Trends related to fertility rate affect multiple levels of the conceptual framework, including the broader health system. When combined with India’s population momentum, the declining fertility levels have resulted in a relatively steady number of annual births in recent decades. As a result, maternal and newborn health programs have not needed to keep pace with a growing number of births per year. Fertility decline is therefore a key factor in our study, influencing proximate factors in an interconnected fashion and influencing India’s broader story of progress. Since risks tend to be higher at younger maternal age and higher parity, fertility decline might also be associated with a shift in the age-parity distribution of births that reduced maternal and neonatal mortality risk.

Assessing fertility decline as a contributor to NMR/MMR improvements

India’s higher mortality state cluster has experienced substantial decreases in fertility—as noted above—with the total fertility rate declining from 4.2 to 2.6 births per woman between 2000 and 2019.1 As described in Jain’s decomposition methodology, declines in fertility translate to fewer high-risk pregnancies by way of longer birth intervals, lower birth parity, as well as decreased birth rates specifically among teen girls and older women.4 This analytical approach isolates the impact of fertility decline on neonatal and maternal mortality reduction.
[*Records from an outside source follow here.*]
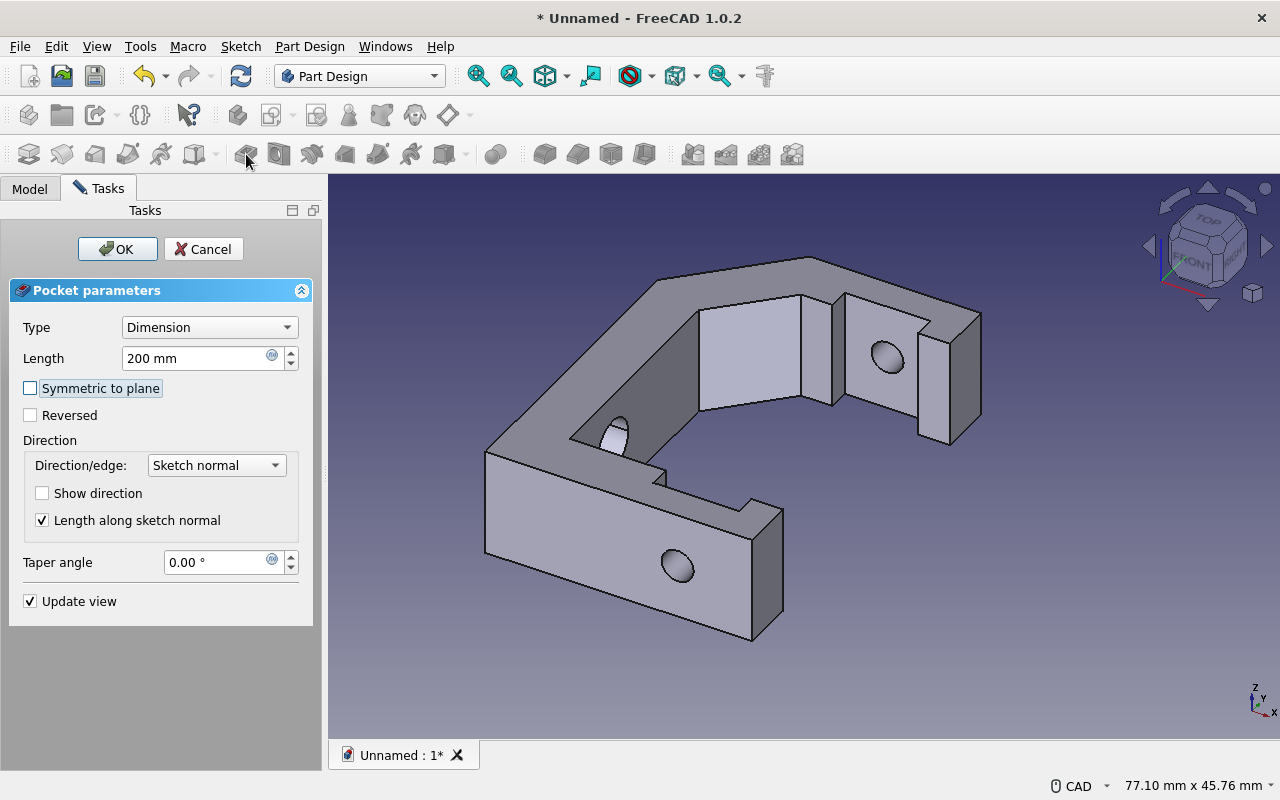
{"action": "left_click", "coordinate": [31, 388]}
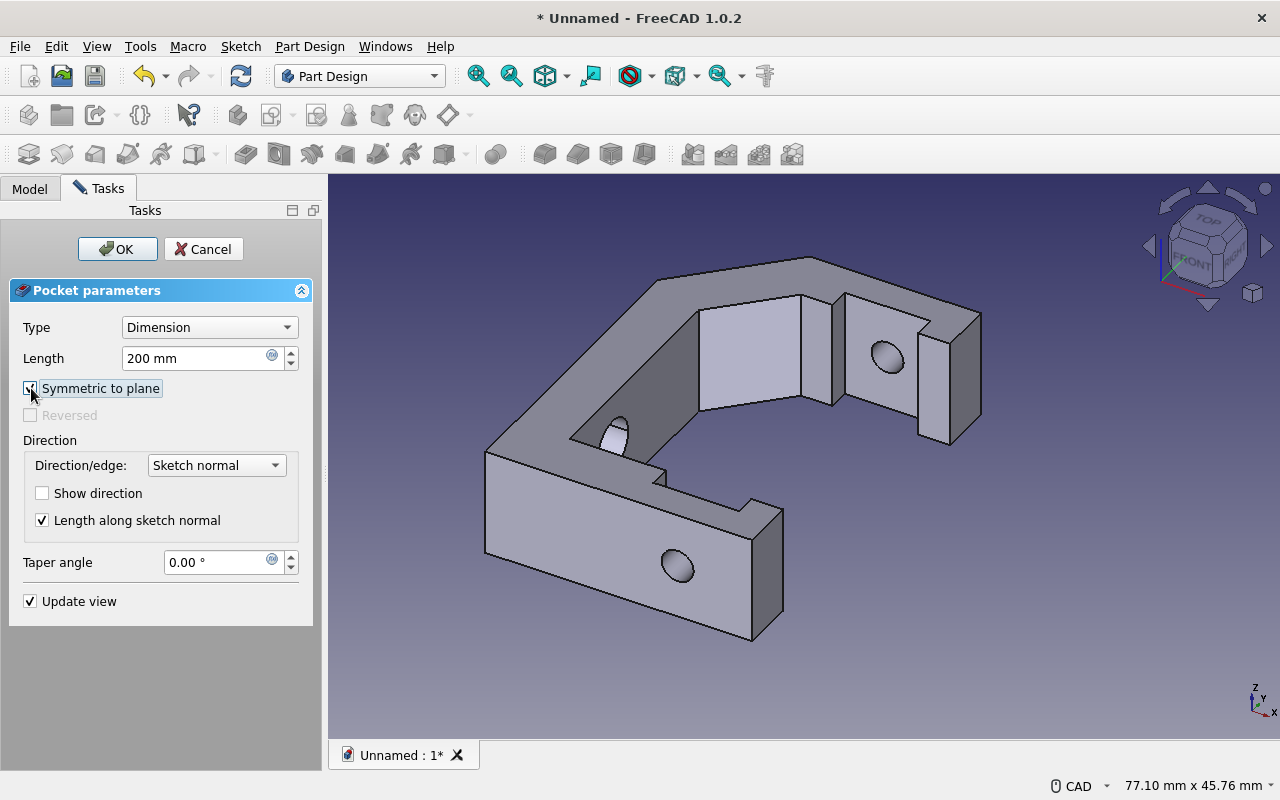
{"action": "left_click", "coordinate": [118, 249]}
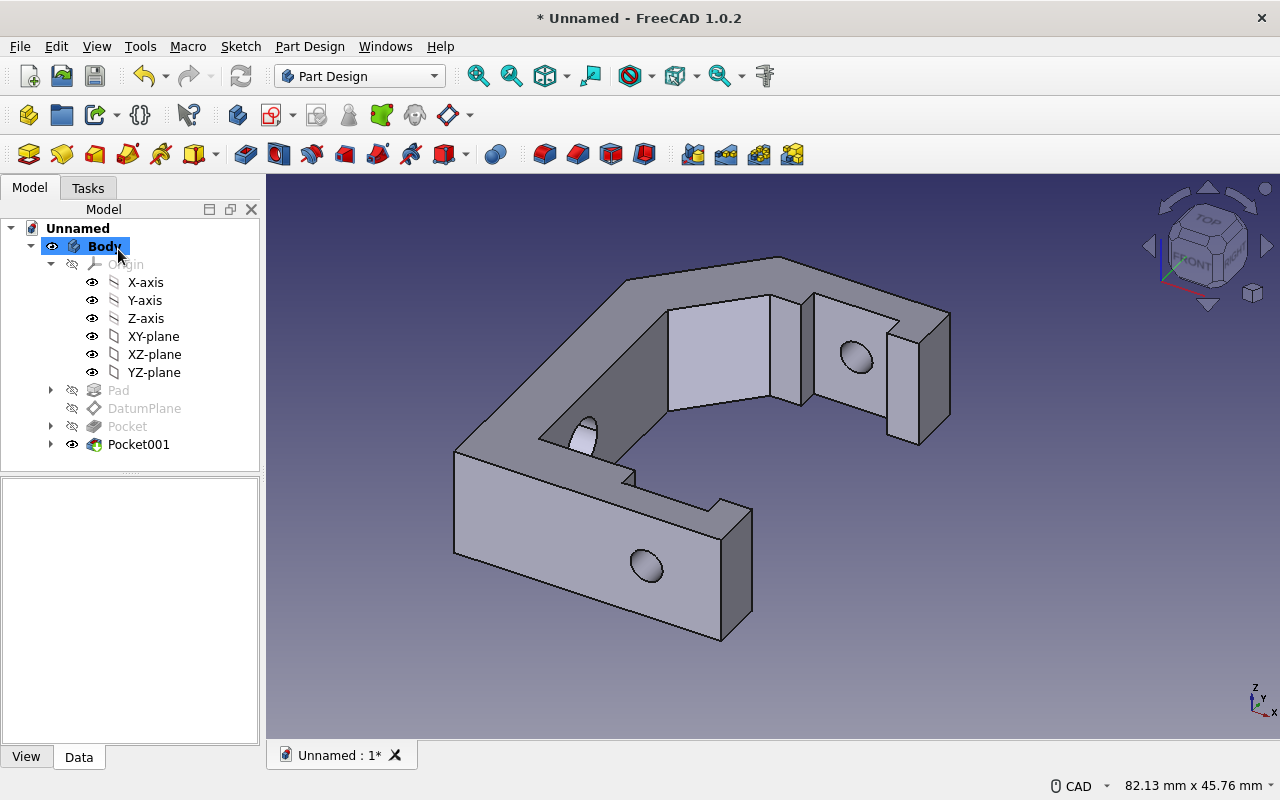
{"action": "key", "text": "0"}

Declines in fertility levels within the higher mortality state cluster were associated with 369,123 fewer neonatal deaths and 30,899 fewer maternal deaths in 2020 than would have been expected if fertility levels had remained constant since 2000. This decomposition approach attributes the remaining portion of mortality reductions to “safe motherhood” initiatives—interventions that target maternal and newborn health such as antenatal care and institutional delivery. Together, fertility decline and improved coverage of safe motherhood initiatives led to 786,708 neonatal lives and 82,267 maternal lives saved in 2020 compared to what would have been expected if fertility rate and intervention coverage levels had remained constant since 2000. This finding, shown below in Figure 8, highlights the impact of fertility decline as a key contextual factor related to NMR and MMR decline in India’s higher mortality state cluster, in tandem with other health care indicators commonly associated with mortality reductions.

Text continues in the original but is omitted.